> _Exercise directions_: Please copy exactly the lines from the top of the data through the line containing "I'd love an oriented 3D box around the car", and nothing else.
####################
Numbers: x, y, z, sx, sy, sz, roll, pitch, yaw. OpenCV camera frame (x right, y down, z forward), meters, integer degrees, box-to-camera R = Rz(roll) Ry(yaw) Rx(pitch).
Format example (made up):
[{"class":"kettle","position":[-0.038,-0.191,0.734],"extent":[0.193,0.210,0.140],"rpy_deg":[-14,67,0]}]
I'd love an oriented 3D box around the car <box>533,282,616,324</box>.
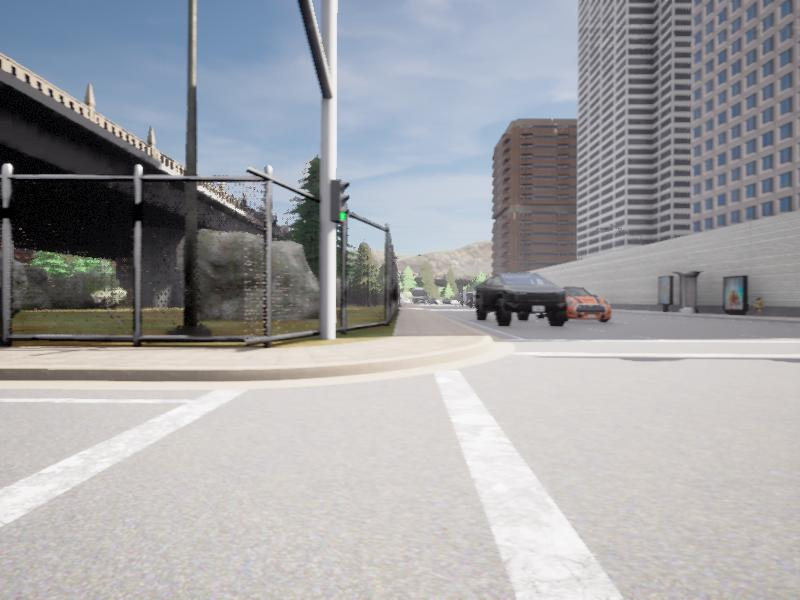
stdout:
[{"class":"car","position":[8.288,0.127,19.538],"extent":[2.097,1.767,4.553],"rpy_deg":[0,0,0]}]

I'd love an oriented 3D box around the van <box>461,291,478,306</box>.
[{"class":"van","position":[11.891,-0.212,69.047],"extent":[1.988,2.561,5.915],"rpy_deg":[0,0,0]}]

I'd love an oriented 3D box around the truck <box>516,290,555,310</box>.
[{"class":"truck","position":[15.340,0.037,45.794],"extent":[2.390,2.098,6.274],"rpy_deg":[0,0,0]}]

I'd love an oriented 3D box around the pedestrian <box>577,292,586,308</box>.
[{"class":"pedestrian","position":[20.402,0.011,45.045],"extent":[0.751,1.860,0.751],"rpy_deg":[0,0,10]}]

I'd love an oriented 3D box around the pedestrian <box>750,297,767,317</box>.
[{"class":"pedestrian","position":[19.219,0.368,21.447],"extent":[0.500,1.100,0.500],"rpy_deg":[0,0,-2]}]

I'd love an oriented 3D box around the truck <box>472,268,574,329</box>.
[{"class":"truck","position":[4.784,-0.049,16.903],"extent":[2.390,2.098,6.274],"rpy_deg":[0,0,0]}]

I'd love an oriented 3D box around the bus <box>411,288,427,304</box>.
####################
> _Solution to the problem_:
Numbers: x, y, z, sx, sy, sz, roll, pitch, yaw. OpenCV camera frame (x right, y down, z forward), meters, integer degrees, box-to-camera R = Rz(roll) Ry(yaw) Rx(pitch).
Format example (made up):
[{"class":"kettle","position":[-0.038,-0.191,0.734],"extent":[0.193,0.210,0.140],"rpy_deg":[-14,67,0]}]
I'd love an oriented 3D box around the car <box>533,282,616,324</box>.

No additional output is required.